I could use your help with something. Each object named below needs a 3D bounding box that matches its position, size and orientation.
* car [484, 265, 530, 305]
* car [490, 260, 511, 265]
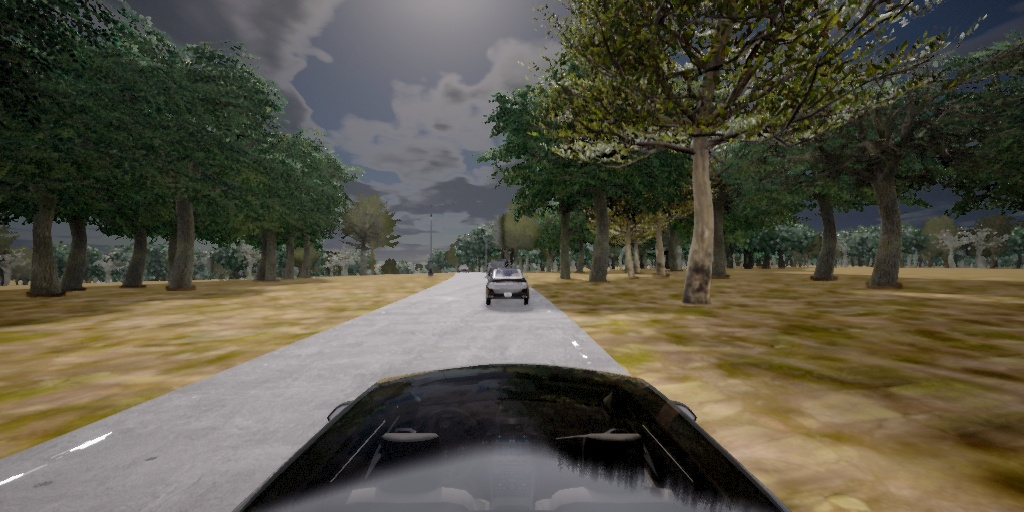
[{"bbox_3d":[-0.247,1.338,16.560,2.128,1.511,4.902,0,-1,-2],"label":"car"},{"bbox_3d":[-1.085,1.342,31.633,2.150,2.045,5.566,0,-1,-4],"label":"car"}]
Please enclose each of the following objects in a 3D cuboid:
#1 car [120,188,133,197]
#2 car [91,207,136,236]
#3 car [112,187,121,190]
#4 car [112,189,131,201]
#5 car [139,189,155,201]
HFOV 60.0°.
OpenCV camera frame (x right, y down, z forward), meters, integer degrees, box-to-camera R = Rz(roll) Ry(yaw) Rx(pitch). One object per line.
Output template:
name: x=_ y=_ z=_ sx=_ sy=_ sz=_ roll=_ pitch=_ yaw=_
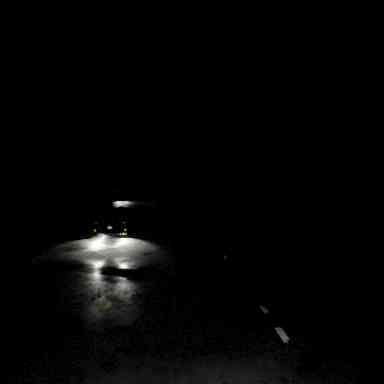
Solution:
car: x=-14.603 y=0.336 z=75.383 sx=2.033 sy=1.411 sz=5.357 roll=-2 pitch=2 yaw=-18
car: x=-4.122 y=1.502 z=17.906 sx=1.994 sy=1.385 sz=4.181 roll=0 pitch=0 yaw=-6
car: x=-21.007 y=-0.585 z=93.237 sx=2.097 sy=1.767 sz=4.553 roll=-2 pitch=3 yaw=-26
car: x=-12.576 y=0.787 z=59.150 sx=2.128 sy=1.511 sz=4.902 roll=-2 pitch=2 yaw=-17
car: x=-7.912 y=0.464 z=58.016 sx=2.150 sy=2.045 sz=5.566 roll=-2 pitch=2 yaw=-17
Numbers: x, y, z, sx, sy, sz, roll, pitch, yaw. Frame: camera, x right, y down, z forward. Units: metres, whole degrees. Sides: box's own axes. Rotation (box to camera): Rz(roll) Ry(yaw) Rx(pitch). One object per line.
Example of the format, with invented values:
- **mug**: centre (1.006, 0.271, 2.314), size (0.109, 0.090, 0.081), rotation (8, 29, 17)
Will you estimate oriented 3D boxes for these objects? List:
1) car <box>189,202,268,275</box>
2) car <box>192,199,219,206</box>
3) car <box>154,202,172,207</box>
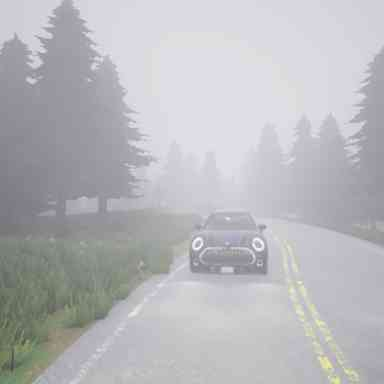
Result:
- **car**: centre (1.230, 1.363, 10.550), size (2.097, 1.767, 4.553), rotation (-1, 0, 9)
- **car**: centre (1.602, 1.567, 35.575), size (1.837, 1.490, 4.892), rotation (3, -3, -27)
- **car**: centre (-4.562, 2.071, 43.826), size (4.674, 1.442, 1.812), rotation (-5, -7, 45)
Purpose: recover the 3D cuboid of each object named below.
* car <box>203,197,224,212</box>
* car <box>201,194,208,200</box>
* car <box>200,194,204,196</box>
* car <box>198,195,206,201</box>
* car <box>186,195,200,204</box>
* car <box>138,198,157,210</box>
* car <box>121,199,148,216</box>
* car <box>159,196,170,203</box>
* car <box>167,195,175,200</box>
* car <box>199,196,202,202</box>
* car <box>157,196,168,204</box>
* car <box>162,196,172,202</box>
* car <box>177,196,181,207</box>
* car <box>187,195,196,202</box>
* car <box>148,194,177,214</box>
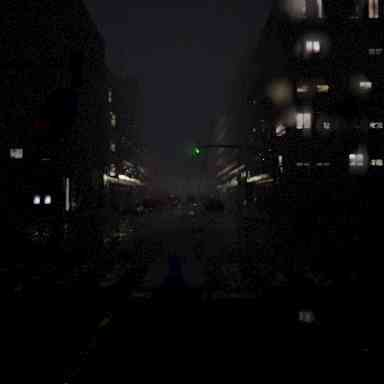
[{"bbox_3d":[2.643,1.563,38.185,1.887,1.381,4.507,1,0,0],"label":"car"},{"bbox_3d":[2.636,1.462,43.709,1.967,1.590,4.097,1,0,0],"label":"car"},{"bbox_3d":[2.590,1.359,76.851,2.192,1.841,5.009,1,0,0],"label":"car"},{"bbox_3d":[2.572,1.618,87.896,1.947,1.339,4.313,1,0,0],"label":"car"},{"bbox_3d":[-0.091,1.387,64.412,2.097,1.767,4.553,0,0,0],"label":"car"},{"bbox_3d":[-5.746,1.566,43.711,1.887,1.381,4.507,1,0,0],"label":"car"},{"bbox_3d":[-5.729,1.541,32.494,1.752,1.417,4.829,1,0,0],"label":"car"},{"bbox_3d":[-5.785,1.590,71.328,2.008,1.369,4.403,1,0,0],"label":"car"},{"bbox_3d":[-5.816,1.582,93.251,1.752,1.417,4.829,1,0,0],"label":"car"},{"bbox_3d":[2.619,1.610,54.756,1.802,1.307,4.206,1,0,0],"label":"car"},{"bbox_3d":[-5.777,1.561,65.635,1.752,1.417,4.829,1,0,0],"label":"car"},{"bbox_3d":[-5.793,1.588,76.852,1.887,1.381,4.507,1,0,0],"label":"car"},{"bbox_3d":[-3.143,1.532,50.759,1.837,1.490,4.892,0,-1,0],"label":"car"},{"bbox_3d":[-0.106,1.473,74.449,1.837,1.490,4.892,0,0,0],"label":"car"},{"bbox_3d":[-3.143,1.240,35.768,2.150,2.045,5.566,0,0,0],"label":"car"}]
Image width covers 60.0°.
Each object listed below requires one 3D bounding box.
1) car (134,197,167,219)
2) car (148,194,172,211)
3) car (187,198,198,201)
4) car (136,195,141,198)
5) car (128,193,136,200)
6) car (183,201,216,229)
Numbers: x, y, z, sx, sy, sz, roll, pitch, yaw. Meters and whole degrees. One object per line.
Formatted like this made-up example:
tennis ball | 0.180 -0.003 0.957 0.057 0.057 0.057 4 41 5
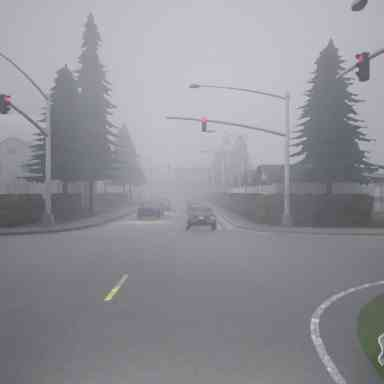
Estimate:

**What this task involves**
Copy down every line of the material above that includes the string "whole".

**Solution**
Numbers: x, y, z, sx, sy, sz, roll, pitch, yaw. Frame: camera, x right, y down, z forward. Units: metres, whole degrees. Sides: box's own axes. Rotation (box to camera): Rz(roll) Ry(yaw) Rx(pitch). One object per line.
Numbers: x, y, z, sx, sy, sz, roll, pitch, yaw. Meters and whole degrees. One object per line.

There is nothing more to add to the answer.